====== Kolmogorov-Smirnov test ======

The Kolmogorov-Smirnov test is used to test if an [[kb:probstat:empirical_cumulative_distribution]] follows a particular distribution.

===== Glivenko-Cantelli Theorem (Fundamental theorem of statistics) =====

Let $F(t)$ be the true CDF of $X_1, ..., X_n  \stackrel{iid}{\sim} X$. Let $F_n(t)$ be the empirical cdf of $X_1, ..., X_n$. Then,

$$\sup_{t\in \mathbb{R}}|F_n(t)-F(t)|\xrightarrow[n\rightarrow\infty]{a.s.}0$$

This tells us that as the number of samples increases, the empirical and true CDFs will converge for all values of $t$.

===== Asymptotic normality =====

$$\sqrt{n}(F_n(t)-F(t))\xrightarrow[n\to\infty]{(d)}\mathcal{N}(0,F(t)(1-F(t)))$$

===== Donsker's Theorem =====

If $F$ is continuous, then

$$\sqrt{n}\sup_{t\in\mathbb{R}}|F_n(t)-F(t)|\xrightarrow[n\to\infty]{(d)}\sup_{0<t'<1}|\mathbb{B}(t')|$$

$\mathbb{B}$ is the a Brownian bridge on $[0,1]$, which is defined:

$$\mathbb{B}(t') \sim \mathcal{N}(0,t')$$

It is called a Brownian bridge because the values at $t'=0$ and $t'=1$ are pinned at $0$.

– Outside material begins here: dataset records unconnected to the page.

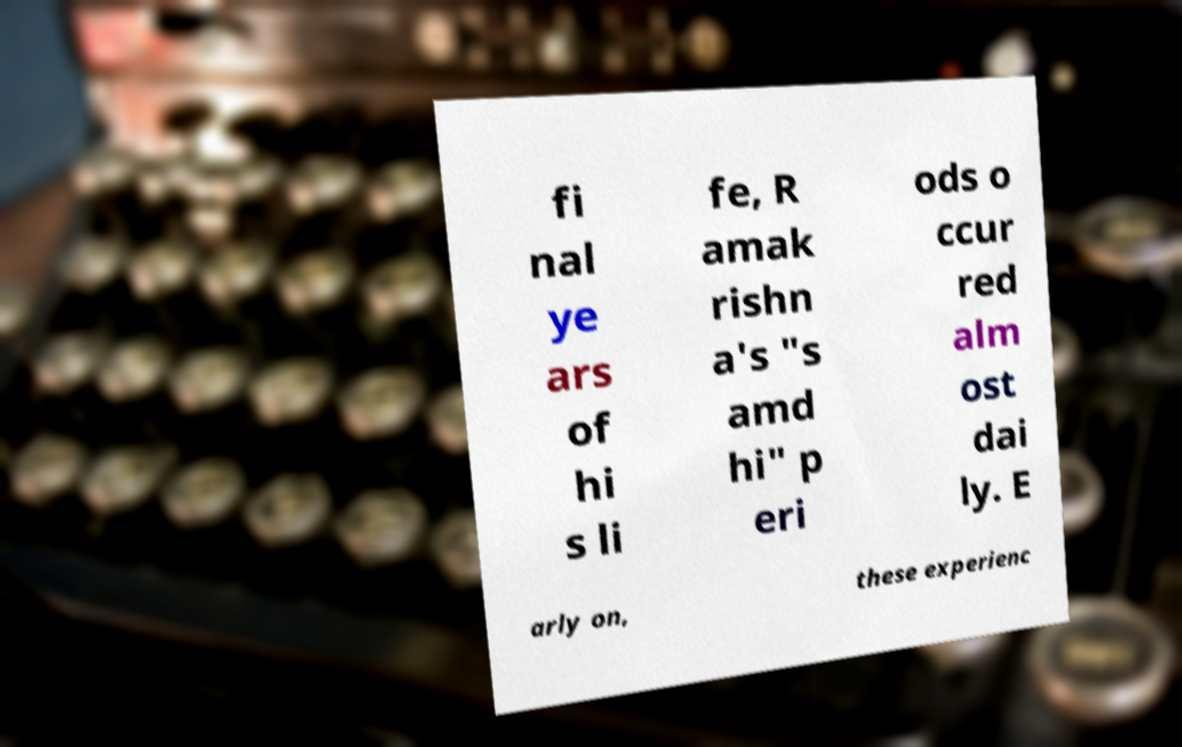Can you accurately transcribe the text from the provided image for me? fi nal ye ars of hi s li fe, R amak rishn a's "s amd hi" p eri ods o ccur red alm ost dai ly. E arly on, these experienc 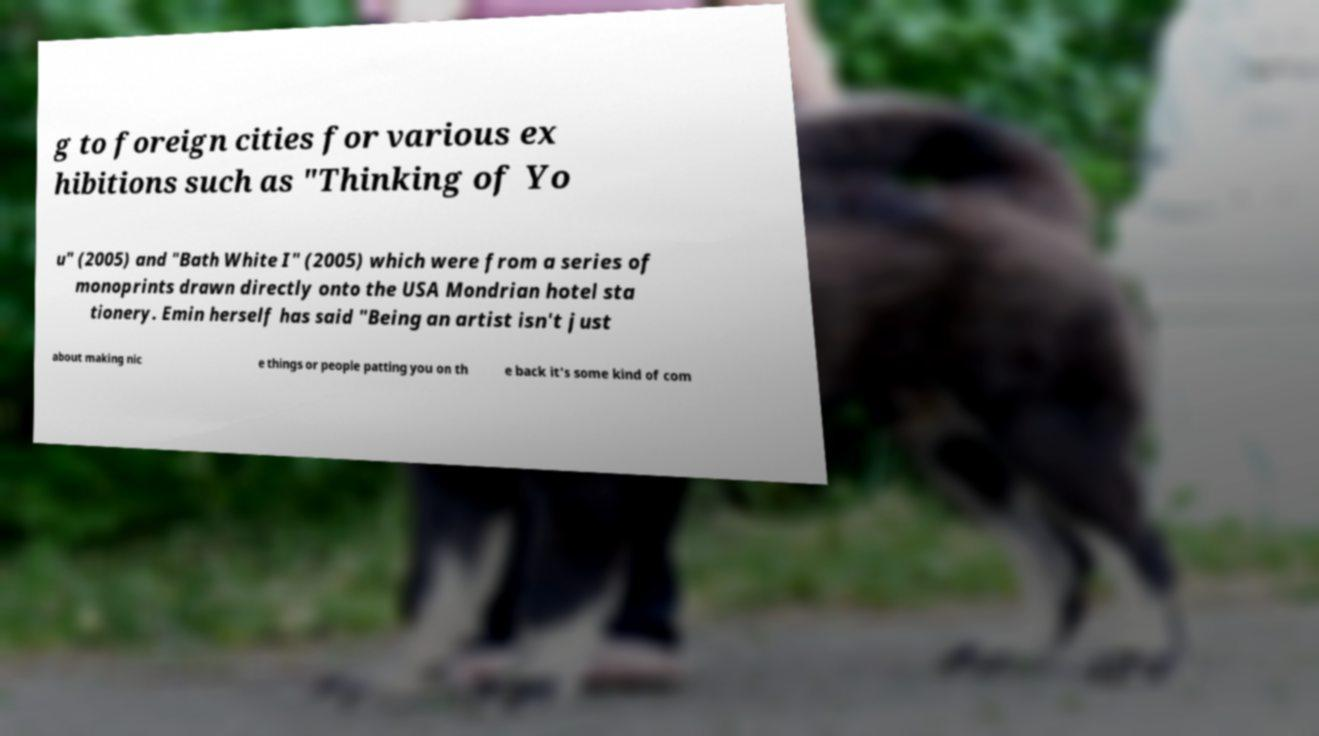For documentation purposes, I need the text within this image transcribed. Could you provide that? g to foreign cities for various ex hibitions such as "Thinking of Yo u" (2005) and "Bath White I" (2005) which were from a series of monoprints drawn directly onto the USA Mondrian hotel sta tionery. Emin herself has said "Being an artist isn't just about making nic e things or people patting you on th e back it's some kind of com 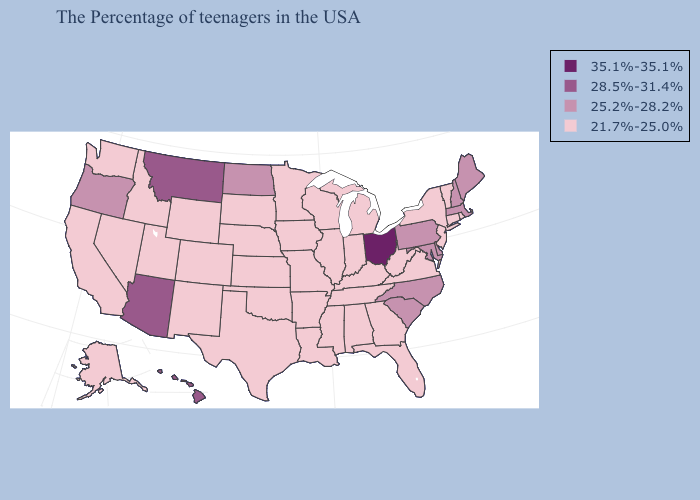Does Alaska have the lowest value in the USA?
Quick response, please. Yes. What is the highest value in states that border Texas?
Be succinct. 21.7%-25.0%. Name the states that have a value in the range 25.2%-28.2%?
Quick response, please. Maine, Massachusetts, New Hampshire, Delaware, Maryland, Pennsylvania, North Carolina, South Carolina, North Dakota, Oregon. What is the lowest value in the South?
Quick response, please. 21.7%-25.0%. Does the map have missing data?
Write a very short answer. No. Name the states that have a value in the range 35.1%-35.1%?
Keep it brief. Ohio. What is the value of Delaware?
Short answer required. 25.2%-28.2%. Among the states that border Colorado , does Arizona have the highest value?
Give a very brief answer. Yes. Does the first symbol in the legend represent the smallest category?
Keep it brief. No. What is the value of Colorado?
Write a very short answer. 21.7%-25.0%. Does Hawaii have the highest value in the West?
Keep it brief. Yes. What is the value of South Carolina?
Answer briefly. 25.2%-28.2%. Which states have the lowest value in the USA?
Give a very brief answer. Rhode Island, Vermont, Connecticut, New York, New Jersey, Virginia, West Virginia, Florida, Georgia, Michigan, Kentucky, Indiana, Alabama, Tennessee, Wisconsin, Illinois, Mississippi, Louisiana, Missouri, Arkansas, Minnesota, Iowa, Kansas, Nebraska, Oklahoma, Texas, South Dakota, Wyoming, Colorado, New Mexico, Utah, Idaho, Nevada, California, Washington, Alaska. What is the value of Nebraska?
Keep it brief. 21.7%-25.0%. Which states hav the highest value in the MidWest?
Quick response, please. Ohio. 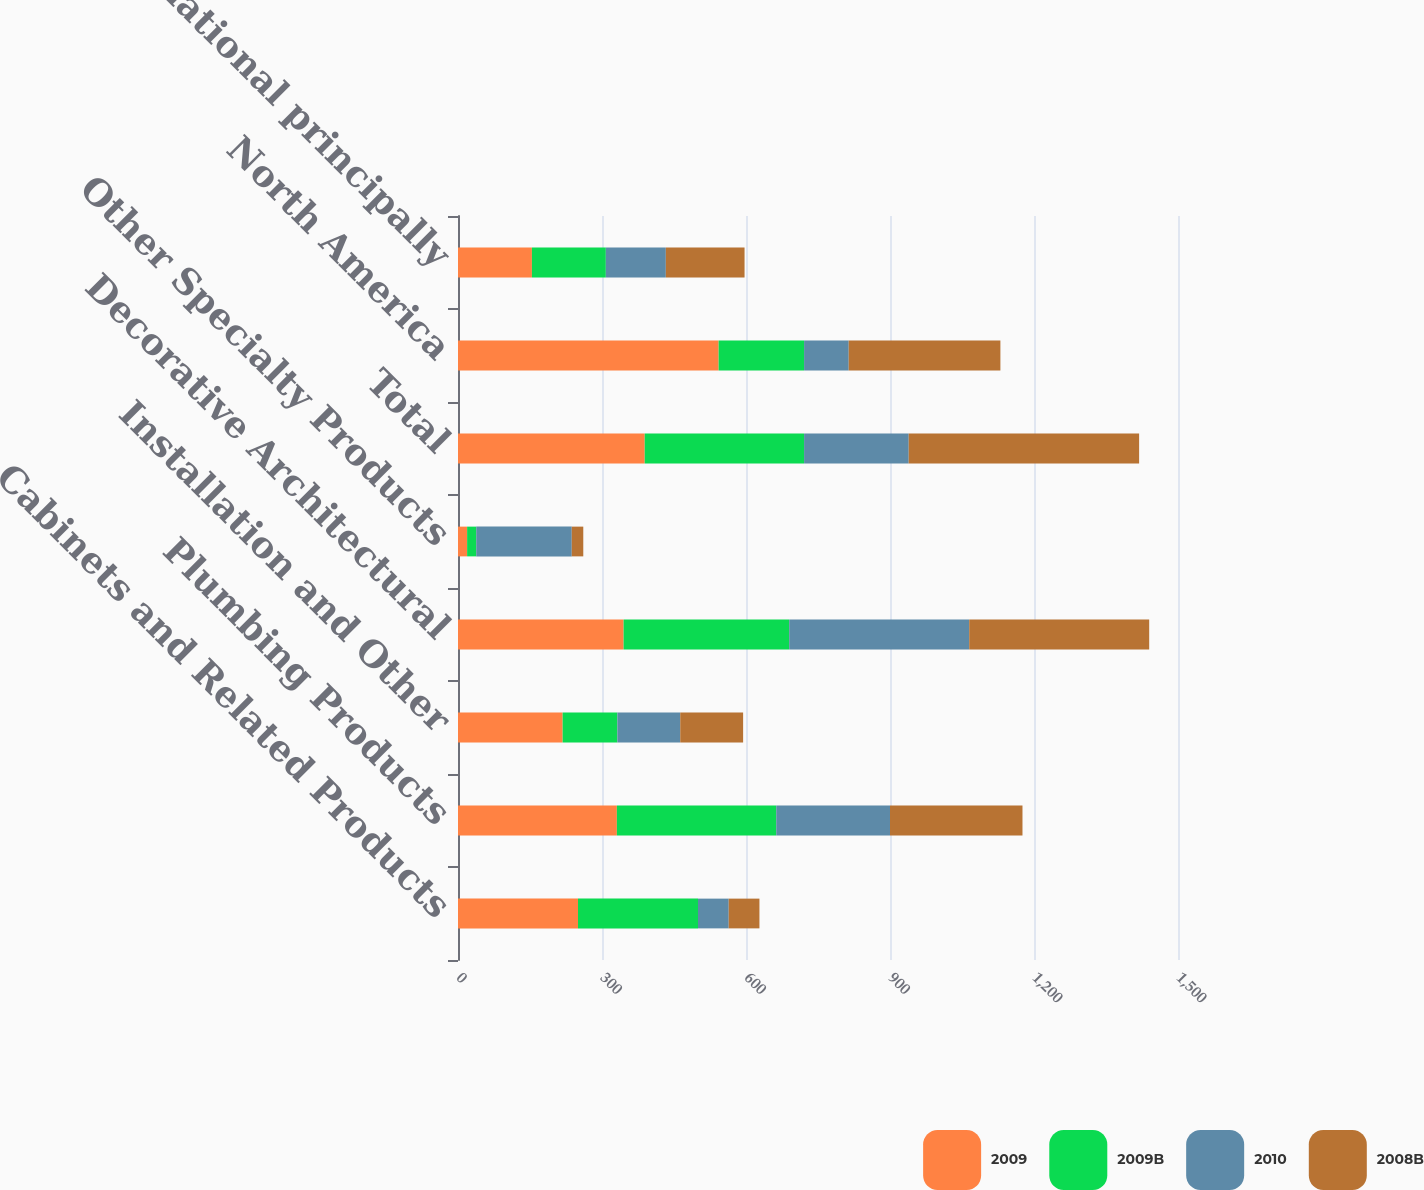<chart> <loc_0><loc_0><loc_500><loc_500><stacked_bar_chart><ecel><fcel>Cabinets and Related Products<fcel>Plumbing Products<fcel>Installation and Other<fcel>Decorative Architectural<fcel>Other Specialty Products<fcel>Total<fcel>North America<fcel>International principally<nl><fcel>2009<fcel>250<fcel>331<fcel>218<fcel>345<fcel>19<fcel>389<fcel>543<fcel>154<nl><fcel>2009B<fcel>250<fcel>332<fcel>114<fcel>345<fcel>19<fcel>332<fcel>178<fcel>154<nl><fcel>2010<fcel>64<fcel>237<fcel>131<fcel>375<fcel>199<fcel>218<fcel>93<fcel>125<nl><fcel>2008B<fcel>64<fcel>276<fcel>131<fcel>375<fcel>24<fcel>480<fcel>316<fcel>164<nl></chart> 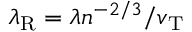Convert formula to latex. <formula><loc_0><loc_0><loc_500><loc_500>\lambda _ { R } = \lambda n ^ { - 2 / 3 } / v _ { T }</formula> 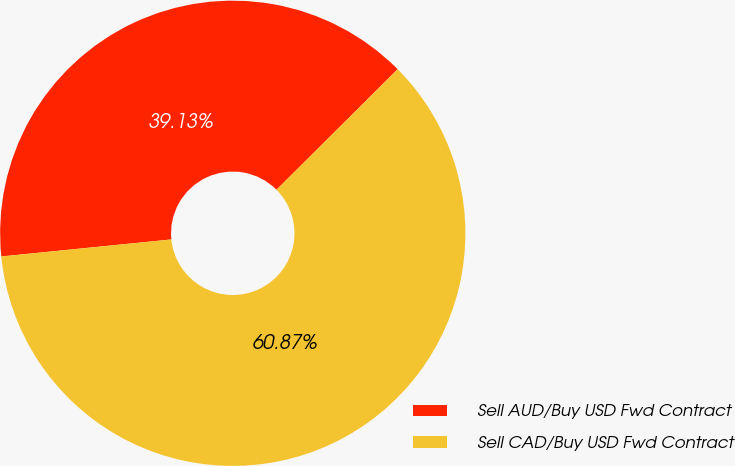Convert chart to OTSL. <chart><loc_0><loc_0><loc_500><loc_500><pie_chart><fcel>Sell AUD/Buy USD Fwd Contract<fcel>Sell CAD/Buy USD Fwd Contract<nl><fcel>39.13%<fcel>60.87%<nl></chart> 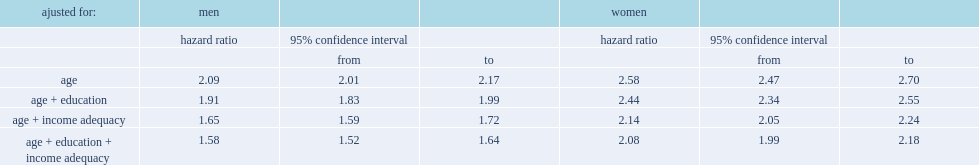When only age were taken into account, what was the hazard ratio for dying from avoidable causes for first nations cohort men? 2.09. When educational attainment and income adequacy were taken into account, what was the hazard ratio for dying from avoidable causes for first nations cohort men? 1.58. When only age were taken into account, what was the hazard ratio for dying from avoidable causes for first nations cohort women? 2.58. When educational attainment and income adequacy were taken into account, what was the hazard ratio for dying from avoidable causes for first nations cohort women? 2.08. 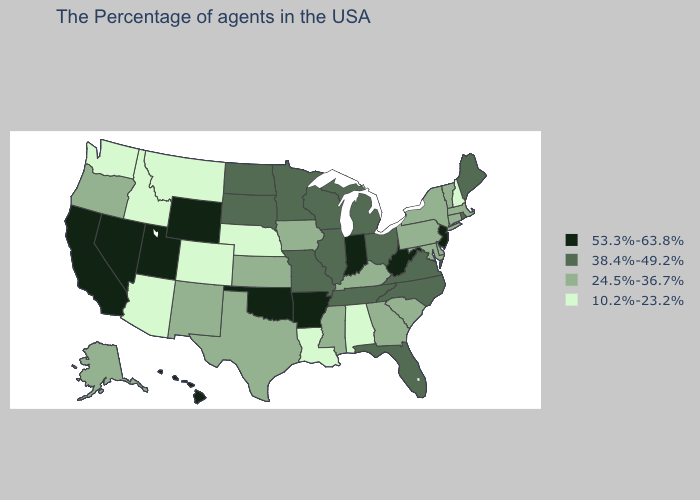Name the states that have a value in the range 38.4%-49.2%?
Keep it brief. Maine, Rhode Island, Virginia, North Carolina, Ohio, Florida, Michigan, Tennessee, Wisconsin, Illinois, Missouri, Minnesota, South Dakota, North Dakota. Which states have the lowest value in the USA?
Write a very short answer. New Hampshire, Alabama, Louisiana, Nebraska, Colorado, Montana, Arizona, Idaho, Washington. What is the value of California?
Short answer required. 53.3%-63.8%. Name the states that have a value in the range 10.2%-23.2%?
Write a very short answer. New Hampshire, Alabama, Louisiana, Nebraska, Colorado, Montana, Arizona, Idaho, Washington. What is the value of Washington?
Write a very short answer. 10.2%-23.2%. Does North Carolina have a lower value than Maryland?
Answer briefly. No. Name the states that have a value in the range 24.5%-36.7%?
Concise answer only. Massachusetts, Vermont, Connecticut, New York, Delaware, Maryland, Pennsylvania, South Carolina, Georgia, Kentucky, Mississippi, Iowa, Kansas, Texas, New Mexico, Oregon, Alaska. Which states have the highest value in the USA?
Write a very short answer. New Jersey, West Virginia, Indiana, Arkansas, Oklahoma, Wyoming, Utah, Nevada, California, Hawaii. Name the states that have a value in the range 38.4%-49.2%?
Short answer required. Maine, Rhode Island, Virginia, North Carolina, Ohio, Florida, Michigan, Tennessee, Wisconsin, Illinois, Missouri, Minnesota, South Dakota, North Dakota. Among the states that border Washington , does Oregon have the highest value?
Be succinct. Yes. Does Wisconsin have a higher value than Maine?
Be succinct. No. Does Massachusetts have the lowest value in the Northeast?
Be succinct. No. Which states hav the highest value in the Northeast?
Answer briefly. New Jersey. Which states have the highest value in the USA?
Answer briefly. New Jersey, West Virginia, Indiana, Arkansas, Oklahoma, Wyoming, Utah, Nevada, California, Hawaii. What is the highest value in states that border Wyoming?
Write a very short answer. 53.3%-63.8%.

===== Hypothesis test setup =====

Let $X_1, ..., X_n$ be i.i.d. random variables and follow the cdf $F$. Let $F^0$ be a continuous cdf. This test that tells us whether those values follow the cdf $F^0$

$$H_0: F = F^0$$
$$H_1: F \neq F^0$$

Let $F_n$ be the [[kb:probstat:empirical_cumulative_distribution|empirical cdf]] of the sample $X_1, ..., X_n$. If $F=F^0$, then $F_n(t)\approx F^0(t)$ for $t\in [0,1]$.

The test statistic is:

$$T_n = \sup_{t\in\mathbb{R}}|F_n(t)-F^0(t)|$$

By Donsker's theorem, if $H_0$ is true, then,

$$\sqrt{n}T_n \xrightarrow [n\to \infty]{(d)} Z$$

where $Z$ is the supremum of a Brownian bridge from $t'=0$ to $t'=1$.

The Kolmogorov-Smirnov with asymptotic level $\alpha$ is defined as:

$$\delta_\alpha=\mathbb{1}\{T_n > \frac{q_\alpha}{\sqrt{n}}\}$$

where $q_\alpha$ is the ($1-\alpha$) quantile of $Z$.

And the p-value is:

$$p = \mathbb{P}[Z > T_n]$$

===== Calculating the KS test statistic =====

Let $X_{(i)}$ be the $i$th smallest sample. ($X_{(1)}\leq X_{(2)}\leq ... X_{(n)}$). Then, the formula for the test statistic $T_n$ becomes:

$$T_n=\max_i\{\max(|\frac{i-1}{n}-F^0(X_{(i)})|, |\frac{i}{n}-F^0(X_{(i)})|)\}$$

This formula checks all of the samples (discontinuities in the [[kb:probstat:empirical_cumulative_distribution|empirical cdf]]) and finds the maximum distance between the empirical cdf and the cdf we are checking against ($F^0$).

This test statistic is a pivotal statistic because it does not depend on the distribution of $X_i$s. In other words, this test statistic is general for all KS tests, not specific to any one.